New Group Aims to Develop Standards Using AI to Improve Data Compression

(Image credit: MPAI)

GENEVA, Switzerland—A new group tasked with using artificial intelligence to improve the efficiency of data compression was announced here on Sept 30. Several forces were behind the establishment of the international non-profit “Moving Picture, Audio and Data Coding by Artificial Intelligence” (MPAI) organization.

One driving force is the need to have an organization responsive to industry needs with the mission to develop data coding standards for a range of applications with AI as its core enabling technology. In the past, the sheer reduction of the amount of data—i.e. compression—has been the success factor for a variety of businesses that range from broadcasting to telecommunications, broadcasting, IT and related industries.

In response to the demand for more compression, MPAI plans to develop AI-enabled standards that further improve the coding efficiency of data types that have already benefited from compression and bring the benefits of coding to new data types.

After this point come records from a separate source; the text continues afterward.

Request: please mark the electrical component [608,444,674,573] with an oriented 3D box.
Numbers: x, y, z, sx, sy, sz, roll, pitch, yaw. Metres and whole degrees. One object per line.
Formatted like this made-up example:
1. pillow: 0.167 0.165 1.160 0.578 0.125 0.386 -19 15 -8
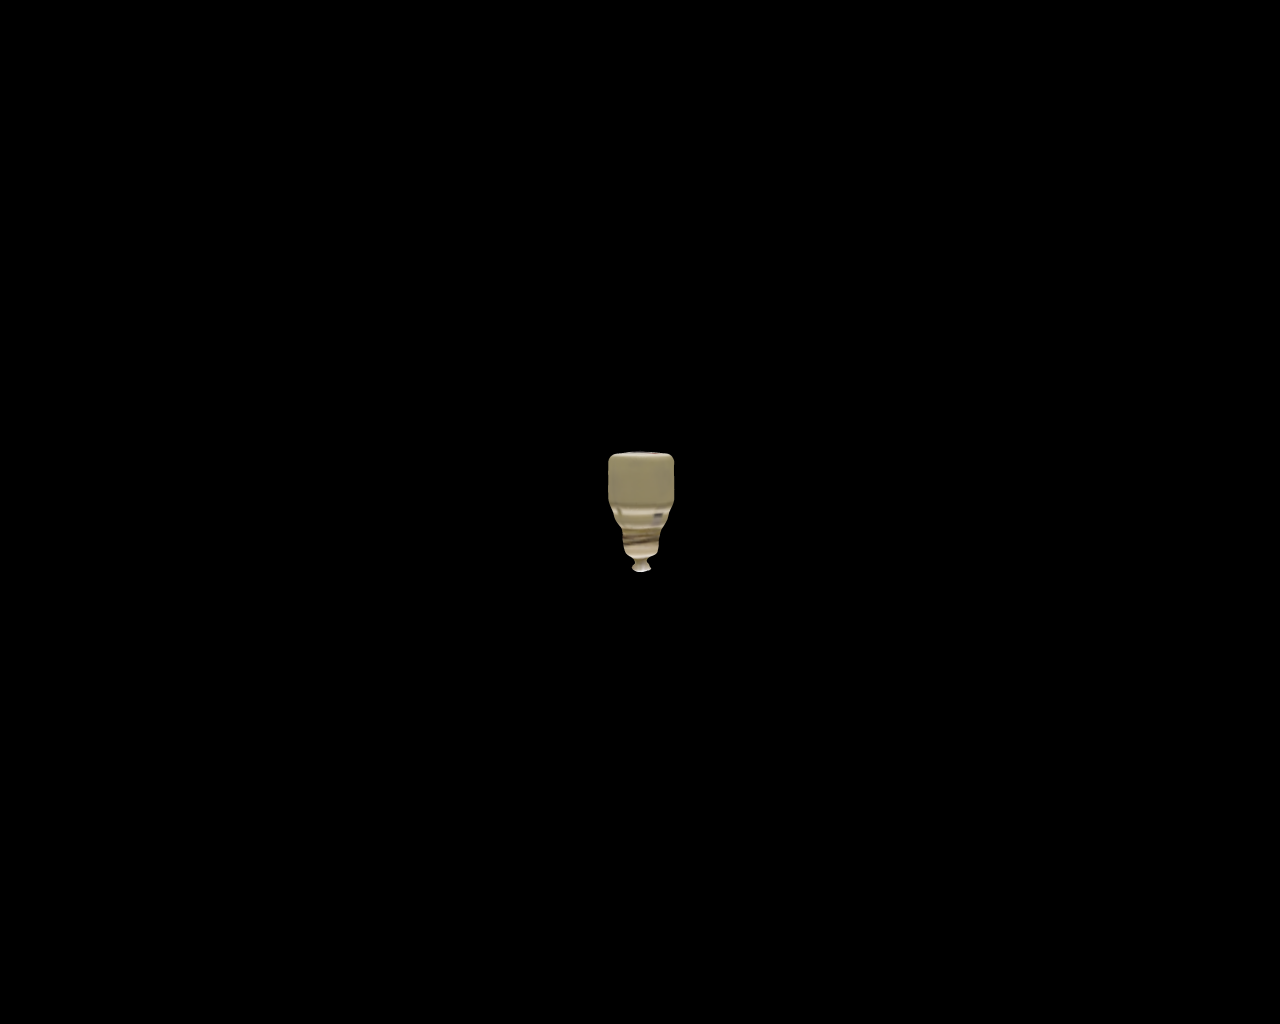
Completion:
1. electrical component: 0.001 -0.003 0.650 0.040 0.078 0.040 0 5 0
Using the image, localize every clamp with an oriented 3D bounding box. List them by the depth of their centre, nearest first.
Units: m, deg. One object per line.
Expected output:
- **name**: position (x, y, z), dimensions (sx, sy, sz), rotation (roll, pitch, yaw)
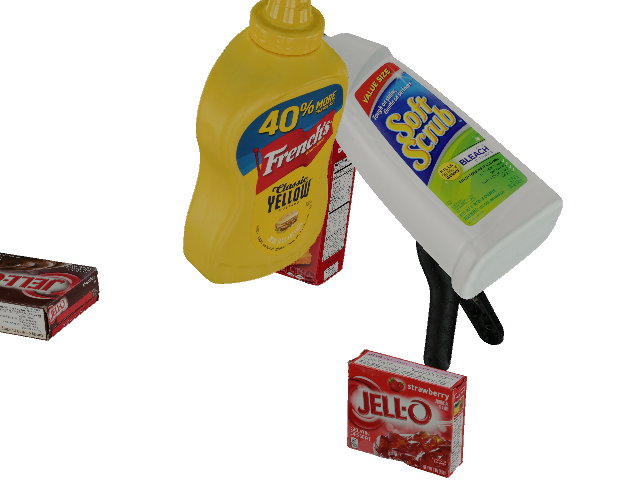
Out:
- **clamp**: position (0.118, 0.038, 0.982), dimensions (0.039, 0.171, 0.120), rotation (-11, 12, 34)

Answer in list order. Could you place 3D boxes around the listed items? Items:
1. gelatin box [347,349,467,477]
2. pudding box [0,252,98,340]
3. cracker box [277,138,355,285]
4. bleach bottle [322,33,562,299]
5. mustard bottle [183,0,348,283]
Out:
- **gelatin box**: position (0.063, 0.128, 0.796), dimensions (0.089, 0.073, 0.030), rotation (12, 22, 29)
- **pudding box**: position (-0.270, 0.048, 0.958), dimensions (0.114, 0.039, 0.090), rotation (6, 21, 17)
- **cracker box**: position (-0.049, -0.073, 1.190), dimensions (0.164, 0.214, 0.072), rotation (19, 29, 23)
- **bleach bottle**: position (0.059, -0.075, 0.809), dimensions (0.102, 0.251, 0.068), rotation (-35, -24, -23)
- **mustard bottle**: position (-0.029, -0.066, 0.623), dimensions (0.096, 0.192, 0.058), rotation (-24, 52, -33)
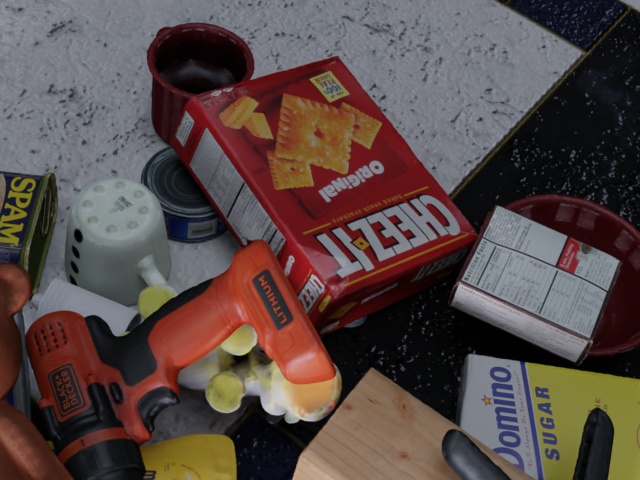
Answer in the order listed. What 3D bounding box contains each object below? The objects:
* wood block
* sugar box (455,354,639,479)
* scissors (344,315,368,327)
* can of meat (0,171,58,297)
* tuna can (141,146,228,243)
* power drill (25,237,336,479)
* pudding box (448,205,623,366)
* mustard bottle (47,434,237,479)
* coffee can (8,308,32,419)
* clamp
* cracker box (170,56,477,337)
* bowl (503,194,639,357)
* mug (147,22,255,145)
[{"bbox_3d":[0.088,0.195,0.734,0.206,0.091,0.090,34,55,14],"label":"wood block"},{"bbox_3d":[0.190,0.145,0.798,0.176,0.048,0.093,8,65,2],"label":"sugar box"},{"bbox_3d":[-0.006,0.001,0.910,0.096,0.016,0.201,6,53,-7],"label":"scissors"},{"bbox_3d":[-0.261,-0.009,0.848,0.084,0.057,0.102,6,52,-2],"label":"can of meat"},{"bbox_3d":[-0.111,-0.042,0.911,0.086,0.034,0.086,5,53,-7],"label":"tuna can"},{"bbox_3d":[-0.088,0.096,0.692,0.187,0.057,0.184,-26,62,-3],"label":"power drill"},{"bbox_3d":[0.168,0.033,0.832,0.113,0.039,0.090,24,55,11],"label":"pudding box"},{"bbox_3d":[-0.153,0.180,0.722,0.191,0.058,0.096,1,57,-9],"label":"mustard bottle"},{"bbox_3d":[-0.276,0.093,0.738,0.140,0.103,0.103,-5,55,-13],"label":"coffee can"},{"bbox_3d":[0.161,0.183,0.673,0.120,0.039,0.171,-16,64,-14],"label":"clamp"},{"bbox_3d":[0.004,-0.043,0.882,0.163,0.072,0.214,-21,65,-35],"label":"cracker box"},{"bbox_3d":[0.203,0.040,0.892,0.162,0.055,0.162,5,53,-6],"label":"bowl"},{"bbox_3d":[-0.115,-0.140,0.954,0.093,0.082,0.117,-27,63,-27],"label":"mug"}]

An example of AI-enabled coding is to “bring out” aspects of the data semantics relevant to an application.

The second driving force is the need to overcome the limitations of the Fair, Reasonable and Non-Discriminatory (FRAND) licensing declarations, a burning issue for many standard developing organizations and their industries. MPAI plans to address this problem by developing, for each MPAI standard, a “framework license,” (i.e. the business model), without values, dates and percentages, that standard essential patent (SEP) holders intend to use to monetize their patents, eventually adopted in the standard.

USE CASES

Immediately after the announcement of MPAI’s creation last summer, a group of industry colleagues collaborated to create a set of use cases. One project that is quickly taking shape is Context-based Audio Enhancement (MPAI-CAE), designed to improve the user experience for a variety of uses such as entertainment, communication, teleconferencing, gaming, post-production, restoration etc., in a variety of contexts such as in the home, in the car, on-the-go, in the studio etc.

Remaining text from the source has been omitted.